If a line below contains the string "import", copy it out.

Records from a dataset:

>>>

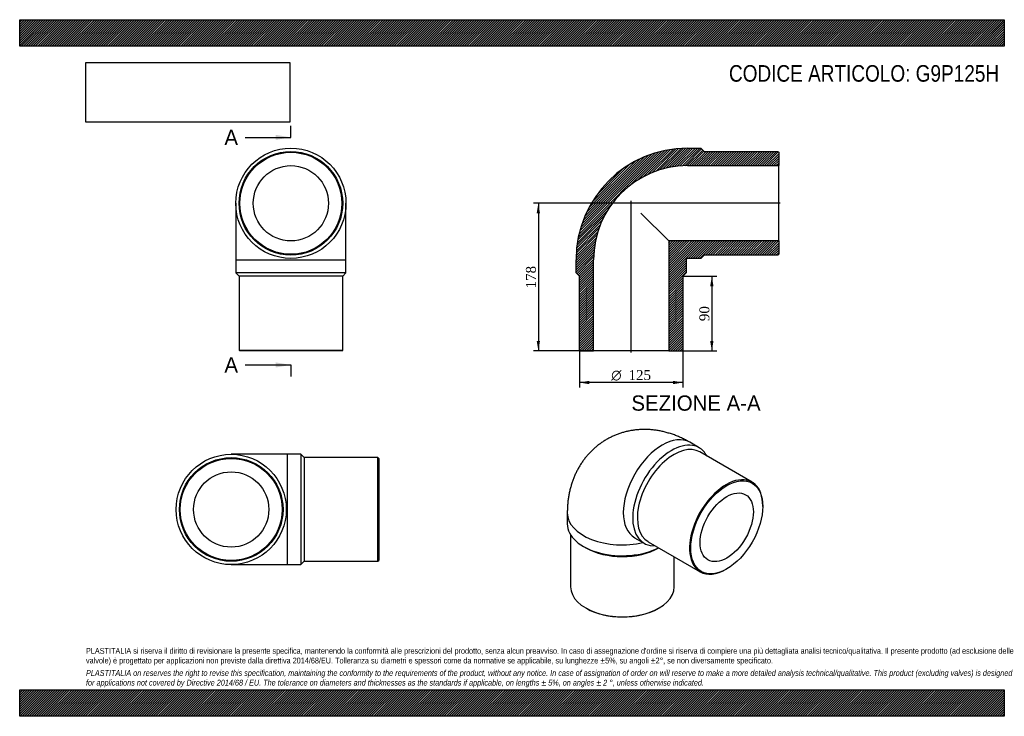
# Model space of a CAD drawing. Header units: millimetres. Extents: x 0 to 1188, y 0 to 840.
import ezdxf
from ezdxf.enums import TextEntityAlignment as Align
from ezdxf.lldxf.tags import DXFTag

# ---------------------------------------------------------------- set-up
doc = ezdxf.new("R2010")
doc.units = ezdxf.units.MM
doc.header["$LTSCALE"] = 4
for name, color, linetype in [('Default', 7, 'Continuous'), ('DV4_Default', 7, 'Continuous'), ('G9P125H', 7, 'Continuous')]:
    doc.layers.add(name, color=color, linetype=linetype)
doc.styles.add('SEACAD_Solid_Edge_ANSI', font='seans.ttf')
doc.styles.add('SEACAD_Solid_Edge_ANSI1_Symbols', font='semeca1.ttf')
doc.styles.add('SEACAD_Times_New_Roman', font='times.ttf')
tags = doc.linetypes.add('CENTER2', pattern=[28.575, 19.05, -3.175, 3.175, -3.175]).pattern_tags.tags
tags[10:11] = [DXFTag(74, 4), DXFTag(75, 0), DXFTag(340, '0'), DXFTag(46, 0.0), DXFTag(50, 0.0), DXFTag(44, 0.0), DXFTag(45, 0.0)]
tags[8:9] = [DXFTag(74, 4), DXFTag(75, 0), DXFTag(340, '0'), DXFTag(46, 0.0), DXFTag(50, 0.0), DXFTag(44, 0.0), DXFTag(45, 0.0)]
tags[6:7] = [DXFTag(74, 4), DXFTag(75, 0), DXFTag(340, '0'), DXFTag(46, 0.0), DXFTag(50, 0.0), DXFTag(44, 0.0), DXFTag(45, 0.0)]
tags[4:5] = [DXFTag(74, 4), DXFTag(75, 0), DXFTag(340, '0'), DXFTag(46, 0.0), DXFTag(50, 0.0), DXFTag(44, 0.0), DXFTag(45, 0.0)]
doc.dimstyles.new('ANSImm', dxfattribs={"dimtxt": 12, "dimasz": 12, "dimexe": 6, "dimexo": 0, "dimgap": 3, "dimtad": 1, "dimdsep": 46, "dimtxsty": 'SEACAD_Times_New_Roman', "dimblk1": '_SE_FILLED', "dimblk2": '_SE_FILLED', "dimsah": 1, "dimcen": 6, "dimazin": 0, "dimtfac": 0.85, "dimtdec": 3, "dimtofl": 0, "dimtmove": 0, "dimatfit": 3, "dimfxl": 1, "dimarcsym": 0})
picture_1 = doc.add_image_def('image1.jpg', size_in_pixel=(4302, 1260))

# ---------------------------------------------------------------- blocks, each defined once
blk = doc.blocks.new('SE')
at = {"layer": 'G9P125H', "color": 7, "linetype": 'Continuous'}
for p, q in [((260.7, 618.6), (260.7, 550.6)), ((393.7, 550.6), (393.7, 618.6)), ((260.7, 550.6), (393.7, 550.6)), ((260.7, 550.6), (260.7, 534.6)), ((393.7, 534.6), (393.7, 550.6)), ((393.7, 534.6), (260.7, 534.6)), ((260.7, 534.6), (264.7, 530.6)), ((389.7, 530.6), (264.7, 530.6)), ((264.7, 530.6), (264.7, 441.6)), ((389.7, 530.6), (393.7, 534.6)), ((389.7, 441.6), (389.7, 530.6)), ((264.7, 441.6), (389.7, 441.6)), ((264.7, 441.6), (265.7, 440.6)), ((388.7, 440.6), (265.7, 440.6)), ((388.7, 440.6), (389.7, 441.6))]:
    blk.add_line(p, q, dxfattribs=at)
for radius in [66.5, 62.5, 61.5, 45.4]:
    blk.add_circle((327.2, 618.6), radius, dxfattribs=at)
blk = doc.blocks.new('SE1')
at = {"layer": 'G9P125H', "color": 7, "linetype": 'Continuous'}
for p, q in [((819.9, 323.9), (808.5, 330.4)), ((883.6, 282.5), (820.7, 318.8)), ((896.6, 253), (896.6, 253.8)), ((660.7, 245.1), (660.7, 232)), ((664.7, 218.9), (664.7, 156.1)), ((742, 215.2), (753.4, 208.7)), ((680.2, 204.9), (683, 203.2)), ((758.2, 210.5), (821.1, 174.2)), ((789.7, 156.1), (789.7, 192.3)), ((852.4, 177.3), (853.1, 177.7)), ((683, 130.6), (683.7, 130.1)), ((770.7, 130.1), (771.4, 130.6))]:
    blk.add_line(p, q, dxfattribs=at)
for centre, major_axis, start_param, end_param in [((775.3, 272.8), (-33.2, -57.6), 3.141593, 6.283185), ((786.6, 266.3), (33.2, 57.6), 0, 3.490199), ((789.4, 264.7), (31.2, 54.1), 0, 3.141593), ((786.6, 266.3), (33.2, 57.6), 5.934579, 6.283185), ((852.4, 228.3), (-31.2, -54.1), 2.356194, 6.283185), ((727.2, 245.1), (-66.5, 0), 0.000004, 1.953762), ((727.2, 232), (66.5, 0), 3.141593, 5.431749), ((727.2, 228.7), (62.5, 0), 3.926991, 5.491574), ((852.4, 228.3), (-31.2, -54.1), 0, 0.785398), ((727.2, 156.1), (-62.5, 0), 0, 3.141593), ((727.2, 155.3), (61.5, 0), 3.926991, 5.497787)]:
    blk.add_ellipse(centre, major_axis=major_axis, ratio=0.57735, start_param=start_param, end_param=end_param, dxfattribs=at)
for major_axis in [(30.7, 53.3), (22.7, 39.3)]:
    blk.add_ellipse((853.1, 227.9), major_axis=major_axis, ratio=0.57735, dxfattribs=at)
blk.add_open_spline([(808.5, 330.4), (807.5, 331), (805.1, 332.4), (800.8, 334.6), (796, 336.8), (791.2, 338.8), (786.3, 340.5), (781.4, 342), (776.6, 343.3), (771.7, 344.3), (766.8, 345.1), (762, 345.6), (757.2, 345.9), (752.4, 345.9), (747.7, 345.7), (743.1, 345.3), (738.5, 344.7), (733.9, 343.8), (729.5, 342.7), (725.1, 341.4), (720.9, 339.9), (716.7, 338.2), (712.7, 336.3), (708.7, 334.2), (704.9, 331.9), (701.2, 329.4), (697.6, 326.8), (694.2, 324), (690.9, 321), (687.8, 317.8), (684.8, 314.5), (682, 311.1), (679.3, 307.5), (676.8, 303.8), (674.5, 299.9), (672.3, 296), (670.3, 291.8), (668.5, 287.6), (666.9, 283.3), (665.5, 278.8), (664.2, 274.3), (663.1, 269.6), (662.2, 264.8), (661.5, 259.9), (661.1, 255), (660.8, 249.9), (660.7, 246.8), (660.7, 245.1)], degree=3, knots=[0, 0, 0, 0, 0.016101, 0.041271, 0.066361, 0.091227, 0.115832, 0.140153, 0.164177, 0.187898, 0.211323, 0.234462, 0.257329, 0.279943, 0.302323, 0.324487, 0.346457, 0.36825, 0.389885, 0.411381, 0.432755, 0.454023, 0.475203, 0.49631, 0.517361, 0.538369, 0.559348, 0.580314, 0.601285, 0.622276, 0.643307, 0.664396, 0.685562, 0.706827, 0.72821, 0.749734, 0.771422, 0.793296, 0.815378, 0.837691, 0.860253, 0.88308, 0.906186, 0.929574, 0.953243, 0.977182, 1, 1, 1, 1], dxfattribs=at)
blk = doc.blocks.new('SE2')
at = {"layer": 'G9P125H', "color": 7, "linetype": 'Continuous'}
for p, q in [((323.2, 315.9), (255.2, 315.9)), ((323.2, 182.9), (323.2, 315.9)), ((339.2, 315.9), (323.2, 315.9)), ((339.2, 315.9), (339.2, 182.9)), ((343.2, 311.9), (339.2, 315.9)), ((343.2, 311.9), (343.2, 186.9)), ((432.2, 311.9), (343.2, 311.9)), ((432.2, 186.9), (432.2, 311.9)), ((433.2, 310.9), (432.2, 311.9)), ((433.2, 310.9), (433.2, 187.9)), ((255.2, 182.9), (323.2, 182.9)), ((323.2, 182.9), (339.2, 182.9)), ((339.2, 182.9), (343.2, 186.9)), ((343.2, 186.9), (432.2, 186.9)), ((432.2, 186.9), (433.2, 187.9))]:
    blk.add_line(p, q, dxfattribs=at)
for radius in [66.5, 62.5, 61.5, 45.4]:
    blk.add_circle((255.2, 249.4), radius, dxfattribs=at)
blk = doc.blocks.new('SE4')
at = {"color": 7, "linetype": 'Continuous', "style": 'SEACAD_Solid_Edge_ANSI'}
blk.add_text('A', height=18.4, dxfattribs=at).set_placement((247, 707.3), align=Align.TOP_LEFT)
blk = doc.blocks.new('SE5')
at = {"color": 7, "linetype": 'Continuous', "style": 'SEACAD_Solid_Edge_ANSI'}
blk.add_text('A', height=18.4, dxfattribs=at).set_placement((247, 432.9), align=Align.TOP_LEFT)
blk = doc.blocks.new('SEANNOT_GROUP')
at = {"linetype": 'Continuous'}
blk.add_hatch(color=7, dxfattribs=at).paths.add_polyline_path([(308.8, 695.1), (327.2, 698.1), (308.8, 701.2)])
at = {"color": 7, "linetype": 'Continuous'}
blk.add_lwpolyline([(272, 698.1), (327.2, 698.1)], dxfattribs=at)
blk = doc.blocks.new('SEANNOT_GROUP1')
at = {"linetype": 'Continuous'}
blk.add_hatch(color=7, dxfattribs=at).paths.add_polyline_path([(308.8, 420.6), (327.2, 423.7), (308.8, 426.8)])
at = {"color": 7, "linetype": 'Continuous'}
blk.add_lwpolyline([(272, 423.7), (327.2, 423.7)], dxfattribs=at)
blk = doc.blocks.new('SE3')
at = {"layer": 'Default', "color": 7, "linetype": 'CENTER2'}
for p, q in [((327.2, 698.1), (327.2, 711.9)), ((327.2, 423.7), (327.2, 409.9))]:
    blk.add_line(p, q, dxfattribs=at)
at = {"layer": 'Default', "color": 7, "linetype": 'CENTER2', "const_width": 0.0001}
blk.add_lwpolyline([(327.2, 698.1), (327.2, 423.7)], dxfattribs=at)
at = {"layer": 'Default'}
for name in ['SE4', 'SEANNOT_GROUP', 'SE5', 'SEANNOT_GROUP1']:
    blk.add_blockref(name, (0, 0), dxfattribs=at)
blk = doc.blocks.new('SE6')
at = {"layer": 'G9P125H', "linetype": 'Continuous'}
h = blk.add_hatch(dxfattribs=at)
h.set_pattern_fill('LINE', scale=0.629921, angle=45, style=0)
edge = h.paths.add_edge_path()
edge.add_line((914.8, 681.1), (825.8, 681.1))
edge.add_line((825.8, 681.1), (821.8, 685.1))
edge.add_line((821.8, 685.1), (805.8, 685.1))
edge.add_arc((805.8, 550.6), 134.5, 90, 180)
edge.add_line((671.3, 550.6), (671.3, 534.6))
edge.add_line((671.3, 534.6), (675.3, 530.6))
edge.add_line((675.3, 530.6), (675.3, 441.6))
edge.add_line((675.3, 441.6), (676.3, 440.6))
edge.add_line((676.3, 440.6), (692.4, 440.6))
edge.add_line((692.4, 440.6), (692.4, 550.6))
edge.add_arc((805.8, 550.6), 113.4, 90, 180, ccw=False)
edge.add_line((805.8, 664), (915.8, 664))
edge.add_line((915.8, 664), (915.8, 680.1))
edge.add_line((915.8, 680.1), (914.8, 681.1))
h = blk.add_hatch(dxfattribs=at)
h.set_pattern_fill('LINE', scale=0.629921, angle=45, style=0)
edge = h.paths.add_edge_path()
edge.add_line((915.8, 557.1), (915.8, 573.2))
edge.add_line((915.8, 573.2), (783.2, 573.2))
edge.add_line((783.2, 573.2), (783.2, 440.6))
edge.add_line((783.2, 440.6), (799.3, 440.6))
edge.add_line((799.3, 440.6), (800.3, 441.6))
edge.add_line((800.3, 441.6), (800.3, 530.6))
edge.add_line((800.3, 530.6), (804.3, 534.6))
edge.add_line((804.3, 534.6), (804.3, 550.6))
edge.add_arc((805.8, 550.6), 1.5, 90, 180, ccw=False)
edge.add_line((805.8, 552.1), (821.8, 552.1))
edge.add_line((821.8, 552.1), (825.8, 556.1))
edge.add_line((825.8, 556.1), (914.8, 556.1))
edge.add_line((914.8, 556.1), (915.8, 557.1))
at = {"layer": 'DV4_Default', "color": 7, "linetype": 'CENTER2'}
for p, q in [((917.5, 618.6), (734.7, 618.6)), ((737.8, 438.8), (737.8, 621.7))]:
    blk.add_line(p, q, dxfattribs=at)
at = {"layer": 'G9P125H', "color": 7, "linetype": 'Continuous'}
for p, q in [((805.8, 685.1), (821.8, 685.1)), ((821.8, 685.1), (825.8, 681.1)), ((825.8, 681.1), (914.8, 681.1)), ((914.8, 681.1), (915.8, 680.1)), ((915.8, 680.1), (915.8, 664)), ((805.8, 664), (915.8, 664)), ((915.8, 573.2), (915.8, 664)), ((749.4, 606.9), (783.2, 573.2)), ((915.8, 573.2), (783.2, 573.2)), ((783.2, 573.2), (783.2, 440.6)), ((915.8, 573.2), (915.8, 557.1)), ((671.3, 534.6), (671.3, 550.6)), ((692.4, 440.6), (692.4, 550.6)), ((804.3, 550.6), (804.3, 534.6)), ((821.8, 552.1), (805.8, 552.1)), ((825.8, 556.1), (821.8, 552.1)), ((914.8, 556.1), (825.8, 556.1)), ((915.8, 557.1), (914.8, 556.1)), ((675.3, 530.6), (671.3, 534.6)), ((675.3, 441.6), (675.3, 530.6)), ((804.3, 534.6), (800.3, 530.6)), ((800.3, 530.6), (800.3, 441.6)), ((676.3, 440.6), (675.3, 441.6)), ((676.3, 440.6), (692.4, 440.6)), ((783.2, 440.6), (692.4, 440.6)), ((783.2, 440.6), (799.3, 440.6)), ((800.3, 441.6), (799.3, 440.6))]:
    blk.add_line(p, q, dxfattribs=at)
for radius in [134.5, 113.4, 1.5]:
    blk.add_arc((805.8, 550.6), radius, 90, 180, dxfattribs=at)
blk = doc.blocks.new('GDimGGroup')
at = {"layer": 'Default', "linetype": 'Continuous'}
for points in [[(687.3, 400.5), (687.3, 404.5), (675.3, 402.5)], [(788.3, 400.5), (800.3, 402.5), (788.3, 404.5)]]:
    blk.add_hatch(color=7, dxfattribs=at).paths.add_polyline_path(points)
at = {"layer": 'Default', "color": 7, "linetype": 'Continuous'}
for p, q in [((675.3, 441.6), (675.3, 396.5)), ((800.3, 441.6), (800.3, 396.5)), ((800.3, 402.5), (675.3, 402.5))]:
    blk.add_line(p, q, dxfattribs=at)
for s, style, p in [('O', 'SEACAD_Solid_Edge_ANSI1_Symbols', (713.7, 417.5)), ('125', 'SEACAD_Times_New_Roman', (734.6, 417.5))]:
    blk.add_text(s, height=12, dxfattribs=dict(at, style=style)).set_placement(p, align=Align.TOP_LEFT)
blk = doc.blocks.new('DMBLK151')
at = {"layer": 'Default', "linetype": 'Continuous'}
for points in [[(837.1, 518.6), (835.1, 530.6), (833.1, 518.6)], [(837.1, 452.6), (833.1, 452.6), (835.1, 440.6)]]:
    blk.add_hatch(color=7, dxfattribs=at).paths.add_polyline_path(points)
at = {"layer": 'Default', "color": 7, "linetype": 'Continuous'}
for p, q in [((800.3, 530.6), (841.1, 530.6)), ((835.1, 530.6), (835.1, 440.6)), ((783.2, 440.6), (841.1, 440.6))]:
    blk.add_line(p, q, dxfattribs=at)
at = {"layer": 'Default', "color": 7, "linetype": 'Continuous', "style": 'SEACAD_Times_New_Roman'}
blk.add_text('90', height=12, rotation=90, dxfattribs=at).set_placement((820.1, 476.5), align=Align.TOP_LEFT)
blk = doc.blocks.new('_SE_FILLED')
at = {"color": 0}
blk.add_line((0, 0), (-1, 0), dxfattribs=at)
blk.add_solid([(0, 0), (-1, -0.1665), (-1, 0.1665), (0, 0)], dxfattribs=at)
blk = doc.blocks.new('DMBLK152')
at = {"layer": 'Default', "linetype": 'Continuous'}
for points in [[(623.8, 606.6), (627.8, 606.6), (625.8, 618.6)], [(623.8, 452.6), (625.8, 440.6), (627.8, 452.6)]]:
    blk.add_hatch(color=7, dxfattribs=at).paths.add_polyline_path(points)
at = {"layer": 'Default', "color": 7, "linetype": 'Continuous'}
for p, q in [((737.8, 618.6), (619.8, 618.6)), ((625.8, 618.6), (625.8, 440.6)), ((692.4, 440.6), (619.8, 440.6))]:
    blk.add_line(p, q, dxfattribs=at)
at = {"layer": 'Default', "color": 7, "linetype": 'Continuous', "style": 'SEACAD_Times_New_Roman'}
blk.add_text('178', height=12, rotation=90, dxfattribs=at).set_placement((610.8, 515.9), align=Align.TOP_LEFT)

msp = doc.modelspace()

# ---------------------------------------------------------------- hatches: boundary and pattern name
at = {"layer": 'Default', "linetype": 'Continuous'}
h = msp.add_hatch(dxfattribs=at)
h.set_pattern_fill('LINE', scale=0.629921, angle=45, style=0)
h.paths.add_polyline_path([(1188, 808), (1188, 840), (0, 840), (0, 808)])
for points in [[(1188, 808), (1188, 840), (0, 840), (0, 808)], [(1188, 0), (1188, 32), (0, 32), (0, 0)]]:
    msp.add_hatch(color=7, dxfattribs=at).paths.add_polyline_path(points)
h = msp.add_hatch(dxfattribs=at)
h.set_pattern_fill('LINE', scale=0.629921, angle=45, style=0)
h.paths.add_polyline_path([(1188, 0), (1188, 32), (0, 32), (0, 0)])

# ---------------------------------------------------------------- linework, layer by layer
at = {"layer": 'Default', "color": 7, "linetype": 'Continuous'}
for p, q in [((0, 840), (1188, 840)), ((0, 808), (0, 840)), ((1188, 840), (1188, 808)), ((1188, 808), (0, 808)), ((0, 32), (1188, 32)), ((0, 0), (0, 32)), ((1188, 32), (1188, 0)), ((1188, 0), (0, 0))]:
    msp.add_line(p, q, dxfattribs=at)

# ---------------------------------------------------------------- block references
at = {"layer": 'Default'}
for name in ['SE3', 'SE', 'SE6', 'GDimGGroup', 'SE1', 'SE2']:
    msp.add_blockref(name, (0, 0), dxfattribs=at)

# ---------------------------------------------------------------- texts
at = {"layer": 'Default', "color": 7, "linetype": 'Continuous', "style": 'SEACAD_Solid_Edge_ANSI'}
msp.add_text('SEZIONE A-A', height=18.4, dxfattribs=at).set_placement((738.114, 386.922), align=Align.TOP_LEFT)
at = {"layer": 'Default', "attachment_point": 1}
for s, insert, char_height, width in [('{\\fArial Narrow|b0||i0||c0|p34;\\C7;\\H20.;\\W1.;CODICE ARTICOLO: G9P125H}', (855.809, 785.241), 20, 329.05551), ("{\\fArial Narrow|b0||i0||c0|p34;\\C7;\\H7.;\\W1.;PLASTITALIA si riserva il diritto di revisionare la presente specifica, mantenendo la conformità alle prescrizioni del prodotto, senza alcun preavviso. In caso di assegnazione d'ordine si riserva di compiere una più dettagliata analisi tecnico/qualitativa. Il presente prodotto (ad esclusione delle \\P}{\\fArial Narrow|b0||i0||c0|p34;\\C7;\\H7.;\\W1.;valvole) è progettato per applicazioni non previste dalla direttiva 2014/68/EU. Tolleranza su diametri e spessori come da normative se applicabile, su lunghezze ±5%, su angoli ±2°, se non diversamente specificato.\\P}{\\fArial Narrow|b0||i0||c0|p34;\\C7;\\H2.;\\W1.;   \\P}{\\fArial Narrow|b0||i1||c0|p34;\\C7;\\H7.;\\W1.;PLASTITALIA on reserves the right to revise this specification, maintaining the conformity to the requirements of the product, without any notice. In case of assignation of order on will reserve to make a more detailed analysis technical/qualitative. This product (excluding valves) is designed \\P}{\\fArial Narrow|b0||i1||c0|p34;\\C7;\\H7.;\\W1.;for applications not covered by Directive 2014/68 / EU. The tolerance on diameters and thicknesses as the standards if applicable, on lengths ± 5%, on angles ± 2 °, unless otherwise indicated.\\P}", (80, 82.409), 7, 1028)]:
    msp.add_mtext(s, dxfattribs=dict(at, insert=insert, char_height=char_height, width=width))

# ---------------------------------------------------------------- dimensions: what is measured, and where the dimension line sits
at = {"layer": 'Default', "color": 7, "linetype": 'Continuous'}
for base, p1, p2, picture, middle in [((608.555, 461.97), (737.764, 618.594), (692.364, 440.594), 'DMBLK152', (625.803, 529.594)), ((835.065, 440.594), (800.264, 530.594), (783.164, 440.594), 'DMBLK151', (835.065, 485.594))]:
    dim = msp.add_linear_dim(base=base, p1=p1, p2=p2, angle=90, text='\\A1;<>', dimstyle='ANSImm', dxfattribs=at)
    dim.commit()
    dim.dimension.update_dxf_attribs({"geometry": picture, "text_midpoint": middle, "dimtype": 160})

# ---------------------------------------------------------------- pictures from other files: only their frames are drawn
image = msp.add_image(picture_1, insert=(80, 716.413), size_in_units=(245.829, 72))
image.dxf.flags = 7

doc.saveas('drawing.dxf')

<<<

EXERCISE RESULT:
import ezdxf
from ezdxf.enums import TextEntityAlignment as Align
from ezdxf.lldxf.tags import DXFTag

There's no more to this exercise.